On Wed, Sep 4, 2019 at 3:58 PM Jeff Janes <jeff.janes@gmail.com> wrote:
On Wed, Sep 4, 2019 at 1:30 PM Fredrik Blomqvist <fredrik.blomqvist.95@gmail.com> wrote:
Hi,

I have tried doing some research for quite a while on the performance implications of the built-in upsert (INSERT ... ON CONFLICT UPDATE...) when a lot of upserts are made. The scale is something like 1 million records/hour, that is split up in groups of around 300 records each.

How is that done?  300 single-valued insert statements, grouped into on transaction?  one 300-valued insert statement?

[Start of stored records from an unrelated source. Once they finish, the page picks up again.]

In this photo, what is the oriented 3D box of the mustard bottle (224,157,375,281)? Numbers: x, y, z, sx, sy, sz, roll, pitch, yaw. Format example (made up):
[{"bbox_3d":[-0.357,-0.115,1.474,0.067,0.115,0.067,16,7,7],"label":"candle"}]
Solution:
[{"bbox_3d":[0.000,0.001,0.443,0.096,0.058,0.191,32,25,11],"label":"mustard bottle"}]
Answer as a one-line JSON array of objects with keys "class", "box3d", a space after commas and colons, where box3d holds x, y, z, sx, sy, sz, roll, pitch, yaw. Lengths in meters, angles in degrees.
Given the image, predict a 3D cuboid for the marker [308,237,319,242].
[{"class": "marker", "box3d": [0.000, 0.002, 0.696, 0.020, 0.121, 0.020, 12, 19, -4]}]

It's done using one 300-valued insert.
 
 
So far, one hypothesis is that this project seems to be suffering from the large amount of writes that happen constantly since even if the upsert results in no inserts/updates, the "failed" inserts from the upsert will still get written somewhere (according to our knowledge).

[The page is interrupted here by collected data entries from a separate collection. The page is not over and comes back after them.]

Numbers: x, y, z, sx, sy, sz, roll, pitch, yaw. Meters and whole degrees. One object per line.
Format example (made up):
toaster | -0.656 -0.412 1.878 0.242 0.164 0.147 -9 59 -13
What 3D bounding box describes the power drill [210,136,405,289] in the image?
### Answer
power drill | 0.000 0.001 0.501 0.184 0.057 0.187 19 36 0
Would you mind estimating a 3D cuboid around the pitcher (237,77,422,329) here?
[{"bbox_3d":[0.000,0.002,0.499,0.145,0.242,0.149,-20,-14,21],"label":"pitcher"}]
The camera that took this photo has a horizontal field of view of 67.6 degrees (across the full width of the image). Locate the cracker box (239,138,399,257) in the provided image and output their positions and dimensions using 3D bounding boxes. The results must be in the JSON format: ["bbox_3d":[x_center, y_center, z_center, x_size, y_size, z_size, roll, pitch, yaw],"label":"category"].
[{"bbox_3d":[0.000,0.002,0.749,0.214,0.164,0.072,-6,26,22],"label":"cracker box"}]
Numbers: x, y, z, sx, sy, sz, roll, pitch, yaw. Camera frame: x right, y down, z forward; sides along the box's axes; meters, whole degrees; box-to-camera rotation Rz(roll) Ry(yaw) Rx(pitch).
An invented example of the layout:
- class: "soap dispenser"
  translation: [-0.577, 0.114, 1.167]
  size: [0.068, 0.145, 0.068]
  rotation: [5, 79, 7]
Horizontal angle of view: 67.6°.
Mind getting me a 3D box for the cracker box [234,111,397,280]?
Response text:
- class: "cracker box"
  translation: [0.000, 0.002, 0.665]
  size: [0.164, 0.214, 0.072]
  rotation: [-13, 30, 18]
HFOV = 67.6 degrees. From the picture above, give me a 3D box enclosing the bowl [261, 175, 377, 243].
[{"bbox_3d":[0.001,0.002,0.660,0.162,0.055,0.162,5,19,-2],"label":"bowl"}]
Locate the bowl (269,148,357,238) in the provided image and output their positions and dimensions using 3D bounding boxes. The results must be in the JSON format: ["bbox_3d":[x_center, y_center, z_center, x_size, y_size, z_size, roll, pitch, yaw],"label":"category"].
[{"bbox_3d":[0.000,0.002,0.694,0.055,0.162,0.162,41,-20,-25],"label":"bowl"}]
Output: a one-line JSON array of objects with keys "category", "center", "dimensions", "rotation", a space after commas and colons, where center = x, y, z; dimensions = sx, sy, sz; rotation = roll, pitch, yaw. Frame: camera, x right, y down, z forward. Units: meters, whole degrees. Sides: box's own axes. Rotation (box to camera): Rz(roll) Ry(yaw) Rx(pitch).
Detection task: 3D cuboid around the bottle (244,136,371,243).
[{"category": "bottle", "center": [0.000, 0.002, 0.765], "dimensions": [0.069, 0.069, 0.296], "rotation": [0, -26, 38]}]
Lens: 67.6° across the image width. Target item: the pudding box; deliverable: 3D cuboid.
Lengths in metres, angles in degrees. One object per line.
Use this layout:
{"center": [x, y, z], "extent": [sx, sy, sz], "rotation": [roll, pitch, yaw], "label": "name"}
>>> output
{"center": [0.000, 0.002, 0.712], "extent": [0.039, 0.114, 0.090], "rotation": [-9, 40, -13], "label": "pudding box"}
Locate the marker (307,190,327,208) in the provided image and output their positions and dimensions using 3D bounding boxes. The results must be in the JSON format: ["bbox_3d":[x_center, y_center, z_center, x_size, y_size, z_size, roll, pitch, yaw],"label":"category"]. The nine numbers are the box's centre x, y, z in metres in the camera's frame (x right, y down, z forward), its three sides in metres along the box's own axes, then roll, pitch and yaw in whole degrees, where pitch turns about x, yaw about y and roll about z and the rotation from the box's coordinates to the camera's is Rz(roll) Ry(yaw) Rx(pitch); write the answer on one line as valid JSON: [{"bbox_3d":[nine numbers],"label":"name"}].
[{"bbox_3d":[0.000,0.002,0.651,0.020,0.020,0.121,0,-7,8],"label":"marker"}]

You can suppress redundant updates with a trigger, as described https://www.postgresql.org/docs/current/functions-trigger.html.  This works even for updates that are the result of insert..on conflict..update.  There is still some writing, as each tuple does get locked, but it is much less (at least from a WAL perspective).   You can also put  a WHERE clause on the DO UPDATE so it only updates is a field has changed, but you have to list each field connected with OR.

Didn't know about the trigger method, handy. We were planning on utilizing the WHERE clause to prevent unnecessary updates, so I suppose that will make the situation slightly better. However, we are still left with the unnecessary insert, right? If all 300 values already exist and are up to date, there will be a failed insert that will have to be vacuumed, right? Which in turn means that we'd probably need to tune the auto vacuuming to a more aggressive setting if we want to use this kind of upsert. 
 
Therefore, the idea is to utilize old-fashioned upserts (writeable CTEs) and do more granular operations that can make sure to only insert data that doesn't already exist, and only update data that has actually changed. Naturally, however, this will put more read-load on the DB and increase query complexity.

It shouldn't put a meaningful additional read load on the database, as the ON CONFLICT code still needs to do the read as well.  Yes, it makes the code slightly more complex.

Right, okay. Based on what I have told you so far, would you recommend going with the old-fashioned upsert or the built-in one? Or is there some other key information that could swing that decision?